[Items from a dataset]
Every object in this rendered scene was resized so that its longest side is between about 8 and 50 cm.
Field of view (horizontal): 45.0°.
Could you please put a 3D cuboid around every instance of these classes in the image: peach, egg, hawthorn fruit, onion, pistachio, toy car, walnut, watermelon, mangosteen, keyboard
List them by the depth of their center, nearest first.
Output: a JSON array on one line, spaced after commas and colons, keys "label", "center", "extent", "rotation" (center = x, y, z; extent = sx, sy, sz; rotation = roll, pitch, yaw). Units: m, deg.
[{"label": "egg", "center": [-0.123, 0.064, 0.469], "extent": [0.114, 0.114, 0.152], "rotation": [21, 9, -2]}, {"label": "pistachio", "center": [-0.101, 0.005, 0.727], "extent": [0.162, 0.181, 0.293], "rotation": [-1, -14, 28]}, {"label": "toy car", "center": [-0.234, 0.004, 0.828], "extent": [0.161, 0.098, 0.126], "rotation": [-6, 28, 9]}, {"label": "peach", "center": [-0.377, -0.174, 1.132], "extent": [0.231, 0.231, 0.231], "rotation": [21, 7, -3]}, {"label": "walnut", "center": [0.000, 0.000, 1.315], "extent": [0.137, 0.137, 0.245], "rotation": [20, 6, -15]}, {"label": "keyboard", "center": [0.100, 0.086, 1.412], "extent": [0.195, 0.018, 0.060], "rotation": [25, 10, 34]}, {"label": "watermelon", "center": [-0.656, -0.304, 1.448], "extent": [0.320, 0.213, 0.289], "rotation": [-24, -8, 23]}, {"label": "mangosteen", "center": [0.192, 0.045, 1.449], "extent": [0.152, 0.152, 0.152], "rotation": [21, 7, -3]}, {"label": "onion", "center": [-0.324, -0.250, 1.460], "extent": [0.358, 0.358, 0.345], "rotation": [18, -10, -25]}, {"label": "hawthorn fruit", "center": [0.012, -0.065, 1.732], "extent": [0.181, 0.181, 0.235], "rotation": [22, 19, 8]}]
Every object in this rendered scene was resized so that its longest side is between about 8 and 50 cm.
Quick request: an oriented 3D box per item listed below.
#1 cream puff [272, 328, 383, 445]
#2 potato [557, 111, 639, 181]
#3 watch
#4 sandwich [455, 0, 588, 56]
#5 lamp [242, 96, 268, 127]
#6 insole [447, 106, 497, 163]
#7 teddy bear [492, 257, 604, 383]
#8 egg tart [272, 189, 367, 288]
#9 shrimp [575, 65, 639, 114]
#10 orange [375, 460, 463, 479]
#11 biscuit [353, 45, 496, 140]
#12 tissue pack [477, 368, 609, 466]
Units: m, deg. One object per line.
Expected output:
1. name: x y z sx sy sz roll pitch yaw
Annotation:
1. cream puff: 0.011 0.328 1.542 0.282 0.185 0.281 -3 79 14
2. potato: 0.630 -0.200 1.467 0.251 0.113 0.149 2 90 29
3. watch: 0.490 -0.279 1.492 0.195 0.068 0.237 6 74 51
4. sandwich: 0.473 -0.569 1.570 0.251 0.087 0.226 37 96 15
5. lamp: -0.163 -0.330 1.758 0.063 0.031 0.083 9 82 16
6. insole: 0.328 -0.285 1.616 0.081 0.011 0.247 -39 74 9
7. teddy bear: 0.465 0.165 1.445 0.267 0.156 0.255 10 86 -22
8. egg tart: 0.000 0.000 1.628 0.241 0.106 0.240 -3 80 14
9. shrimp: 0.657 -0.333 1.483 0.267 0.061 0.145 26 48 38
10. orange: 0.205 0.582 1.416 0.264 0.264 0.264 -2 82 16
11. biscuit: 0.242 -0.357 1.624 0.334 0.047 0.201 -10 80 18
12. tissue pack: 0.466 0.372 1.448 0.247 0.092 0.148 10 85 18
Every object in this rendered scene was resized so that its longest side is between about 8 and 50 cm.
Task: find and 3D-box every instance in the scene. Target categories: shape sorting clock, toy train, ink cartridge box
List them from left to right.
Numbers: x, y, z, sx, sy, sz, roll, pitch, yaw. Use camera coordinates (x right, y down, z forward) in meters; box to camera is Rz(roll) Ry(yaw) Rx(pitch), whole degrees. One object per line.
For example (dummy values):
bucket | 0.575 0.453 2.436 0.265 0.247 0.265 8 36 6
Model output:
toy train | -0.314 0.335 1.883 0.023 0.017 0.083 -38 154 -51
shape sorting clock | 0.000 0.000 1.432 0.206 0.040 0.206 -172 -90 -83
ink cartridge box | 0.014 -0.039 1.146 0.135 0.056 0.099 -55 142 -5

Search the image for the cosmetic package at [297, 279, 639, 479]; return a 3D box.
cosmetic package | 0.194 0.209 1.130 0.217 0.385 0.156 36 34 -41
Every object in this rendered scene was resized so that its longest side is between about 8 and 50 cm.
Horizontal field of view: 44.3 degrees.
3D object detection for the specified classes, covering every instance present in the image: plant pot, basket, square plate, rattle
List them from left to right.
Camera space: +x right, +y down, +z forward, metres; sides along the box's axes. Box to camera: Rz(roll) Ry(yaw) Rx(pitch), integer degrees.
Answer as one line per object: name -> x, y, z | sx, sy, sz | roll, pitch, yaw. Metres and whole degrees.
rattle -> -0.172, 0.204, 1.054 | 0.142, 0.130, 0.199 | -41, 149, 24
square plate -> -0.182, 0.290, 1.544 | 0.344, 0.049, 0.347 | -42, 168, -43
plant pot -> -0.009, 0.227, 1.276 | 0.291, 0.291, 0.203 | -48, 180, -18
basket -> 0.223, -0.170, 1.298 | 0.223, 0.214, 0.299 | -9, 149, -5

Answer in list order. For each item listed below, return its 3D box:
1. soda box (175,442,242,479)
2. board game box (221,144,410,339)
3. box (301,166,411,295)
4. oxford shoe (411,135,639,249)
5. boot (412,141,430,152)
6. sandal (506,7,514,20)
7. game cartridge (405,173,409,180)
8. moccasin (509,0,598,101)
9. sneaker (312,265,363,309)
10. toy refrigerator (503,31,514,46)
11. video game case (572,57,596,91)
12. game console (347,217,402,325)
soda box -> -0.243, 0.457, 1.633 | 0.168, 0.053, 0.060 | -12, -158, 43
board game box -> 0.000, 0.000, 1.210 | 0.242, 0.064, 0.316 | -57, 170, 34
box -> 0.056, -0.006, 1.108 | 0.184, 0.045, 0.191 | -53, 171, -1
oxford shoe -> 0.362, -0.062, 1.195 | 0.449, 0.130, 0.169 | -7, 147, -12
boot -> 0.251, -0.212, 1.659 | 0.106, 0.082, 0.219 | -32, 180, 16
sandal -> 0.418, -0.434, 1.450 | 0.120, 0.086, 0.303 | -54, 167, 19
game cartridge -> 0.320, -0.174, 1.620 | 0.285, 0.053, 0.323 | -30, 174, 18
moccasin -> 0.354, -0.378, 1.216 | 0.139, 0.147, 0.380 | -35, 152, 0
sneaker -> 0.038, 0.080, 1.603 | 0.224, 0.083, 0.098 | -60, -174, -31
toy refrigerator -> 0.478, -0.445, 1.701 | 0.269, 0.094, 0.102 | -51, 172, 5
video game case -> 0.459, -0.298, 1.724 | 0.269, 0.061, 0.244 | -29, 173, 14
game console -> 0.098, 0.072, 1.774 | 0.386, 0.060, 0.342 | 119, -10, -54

* _WHAT IS NEEDED_: Output all of the records above unchanged.

* _EXPECTED ANSWER_:
Every object in this rendered scene was resized so that its longest side is between about 8 and 50 cm.
Field of view (horizontal): 45.0°.
Could you please put a 3D cuboid around every instance of these classes in the image: peach, egg, hawthorn fruit, onion, pistachio, toy car, walnut, watermelon, mangosteen, keyboard
List them by the depth of their center, nearest first.
Output: a JSON array on one line, spaced after commas and colons, keys "label", "center", "extent", "rotation" (center = x, y, z; extent = sx, sy, sz; rotation = roll, pitch, yaw). Units: m, deg.
[{"label": "egg", "center": [-0.123, 0.064, 0.469], "extent": [0.114, 0.114, 0.152], "rotation": [21, 9, -2]}, {"label": "pistachio", "center": [-0.101, 0.005, 0.727], "extent": [0.162, 0.181, 0.293], "rotation": [-1, -14, 28]}, {"label": "toy car", "center": [-0.234, 0.004, 0.828], "extent": [0.161, 0.098, 0.126], "rotation": [-6, 28, 9]}, {"label": "peach", "center": [-0.377, -0.174, 1.132], "extent": [0.231, 0.231, 0.231], "rotation": [21, 7, -3]}, {"label": "walnut", "center": [0.000, 0.000, 1.315], "extent": [0.137, 0.137, 0.245], "rotation": [20, 6, -15]}, {"label": "keyboard", "center": [0.100, 0.086, 1.412], "extent": [0.195, 0.018, 0.060], "rotation": [25, 10, 34]}, {"label": "watermelon", "center": [-0.656, -0.304, 1.448], "extent": [0.320, 0.213, 0.289], "rotation": [-24, -8, 23]}, {"label": "mangosteen", "center": [0.192, 0.045, 1.449], "extent": [0.152, 0.152, 0.152], "rotation": [21, 7, -3]}, {"label": "onion", "center": [-0.324, -0.250, 1.460], "extent": [0.358, 0.358, 0.345], "rotation": [18, -10, -25]}, {"label": "hawthorn fruit", "center": [0.012, -0.065, 1.732], "extent": [0.181, 0.181, 0.235], "rotation": [22, 19, 8]}]
Every object in this rendered scene was resized so that its longest side is between about 8 and 50 cm.
Quick request: an oriented 3D box per item listed below.
#1 cream puff [272, 328, 383, 445]
#2 potato [557, 111, 639, 181]
#3 watch
#4 sandwich [455, 0, 588, 56]
#5 lamp [242, 96, 268, 127]
#6 insole [447, 106, 497, 163]
#7 teddy bear [492, 257, 604, 383]
#8 egg tart [272, 189, 367, 288]
#9 shrimp [575, 65, 639, 114]
#10 orange [375, 460, 463, 479]
#11 biscuit [353, 45, 496, 140]
#12 tissue pack [477, 368, 609, 466]
Units: m, deg. One object per line.
Expected output:
1. name: x y z sx sy sz roll pitch yaw
Annotation:
1. cream puff: 0.011 0.328 1.542 0.282 0.185 0.281 -3 79 14
2. potato: 0.630 -0.200 1.467 0.251 0.113 0.149 2 90 29
3. watch: 0.490 -0.279 1.492 0.195 0.068 0.237 6 74 51
4. sandwich: 0.473 -0.569 1.570 0.251 0.087 0.226 37 96 15
5. lamp: -0.163 -0.330 1.758 0.063 0.031 0.083 9 82 16
6. insole: 0.328 -0.285 1.616 0.081 0.011 0.247 -39 74 9
7. teddy bear: 0.465 0.165 1.445 0.267 0.156 0.255 10 86 -22
8. egg tart: 0.000 0.000 1.628 0.241 0.106 0.240 -3 80 14
9. shrimp: 0.657 -0.333 1.483 0.267 0.061 0.145 26 48 38
10. orange: 0.205 0.582 1.416 0.264 0.264 0.264 -2 82 16
11. biscuit: 0.242 -0.357 1.624 0.334 0.047 0.201 -10 80 18
12. tissue pack: 0.466 0.372 1.448 0.247 0.092 0.148 10 85 18
Every object in this rendered scene was resized so that its longest side is between about 8 and 50 cm.
Task: find and 3D-box every instance in the scene. Target categories: shape sorting clock, toy train, ink cartridge box
List them from left to right.
Numbers: x, y, z, sx, sy, sz, roll, pitch, yaw. Use camera coordinates (x right, y down, z forward) in meters; box to camera is Rz(roll) Ry(yaw) Rx(pitch), whole degrees. One object per line.
For example (dummy values):
bucket | 0.575 0.453 2.436 0.265 0.247 0.265 8 36 6
Model output:
toy train | -0.314 0.335 1.883 0.023 0.017 0.083 -38 154 -51
shape sorting clock | 0.000 0.000 1.432 0.206 0.040 0.206 -172 -90 -83
ink cartridge box | 0.014 -0.039 1.146 0.135 0.056 0.099 -55 142 -5

Search the image for the cosmetic package at [297, 279, 639, 479]; return a 3D box.
cosmetic package | 0.194 0.209 1.130 0.217 0.385 0.156 36 34 -41
Every object in this rendered scene was resized so that its longest side is between about 8 and 50 cm.
Horizontal field of view: 44.3 degrees.
3D object detection for the specified classes, covering every instance present in the image: plant pot, basket, square plate, rattle
List them from left to right.
Camera space: +x right, +y down, +z forward, metres; sides along the box's axes. Box to camera: Rz(roll) Ry(yaw) Rx(pitch), integer degrees.
Answer as one line per object: name -> x, y, z | sx, sy, sz | roll, pitch, yaw. Metres and whole degrees.
rattle -> -0.172, 0.204, 1.054 | 0.142, 0.130, 0.199 | -41, 149, 24
square plate -> -0.182, 0.290, 1.544 | 0.344, 0.049, 0.347 | -42, 168, -43
plant pot -> -0.009, 0.227, 1.276 | 0.291, 0.291, 0.203 | -48, 180, -18
basket -> 0.223, -0.170, 1.298 | 0.223, 0.214, 0.299 | -9, 149, -5

Answer in list order. For each item listed below, return its 3D box:
1. soda box (175,442,242,479)
2. board game box (221,144,410,339)
3. box (301,166,411,295)
4. oxford shoe (411,135,639,249)
5. boot (412,141,430,152)
6. sandal (506,7,514,20)
7. game cartridge (405,173,409,180)
8. moccasin (509,0,598,101)
9. sneaker (312,265,363,309)
10. toy refrigerator (503,31,514,46)
11. video game case (572,57,596,91)
12. game console (347,217,402,325)
soda box -> -0.243, 0.457, 1.633 | 0.168, 0.053, 0.060 | -12, -158, 43
board game box -> 0.000, 0.000, 1.210 | 0.242, 0.064, 0.316 | -57, 170, 34
box -> 0.056, -0.006, 1.108 | 0.184, 0.045, 0.191 | -53, 171, -1
oxford shoe -> 0.362, -0.062, 1.195 | 0.449, 0.130, 0.169 | -7, 147, -12
boot -> 0.251, -0.212, 1.659 | 0.106, 0.082, 0.219 | -32, 180, 16
sandal -> 0.418, -0.434, 1.450 | 0.120, 0.086, 0.303 | -54, 167, 19
game cartridge -> 0.320, -0.174, 1.620 | 0.285, 0.053, 0.323 | -30, 174, 18
moccasin -> 0.354, -0.378, 1.216 | 0.139, 0.147, 0.380 | -35, 152, 0
sneaker -> 0.038, 0.080, 1.603 | 0.224, 0.083, 0.098 | -60, -174, -31
toy refrigerator -> 0.478, -0.445, 1.701 | 0.269, 0.094, 0.102 | -51, 172, 5
video game case -> 0.459, -0.298, 1.724 | 0.269, 0.061, 0.244 | -29, 173, 14
game console -> 0.098, 0.072, 1.774 | 0.386, 0.060, 0.342 | 119, -10, -54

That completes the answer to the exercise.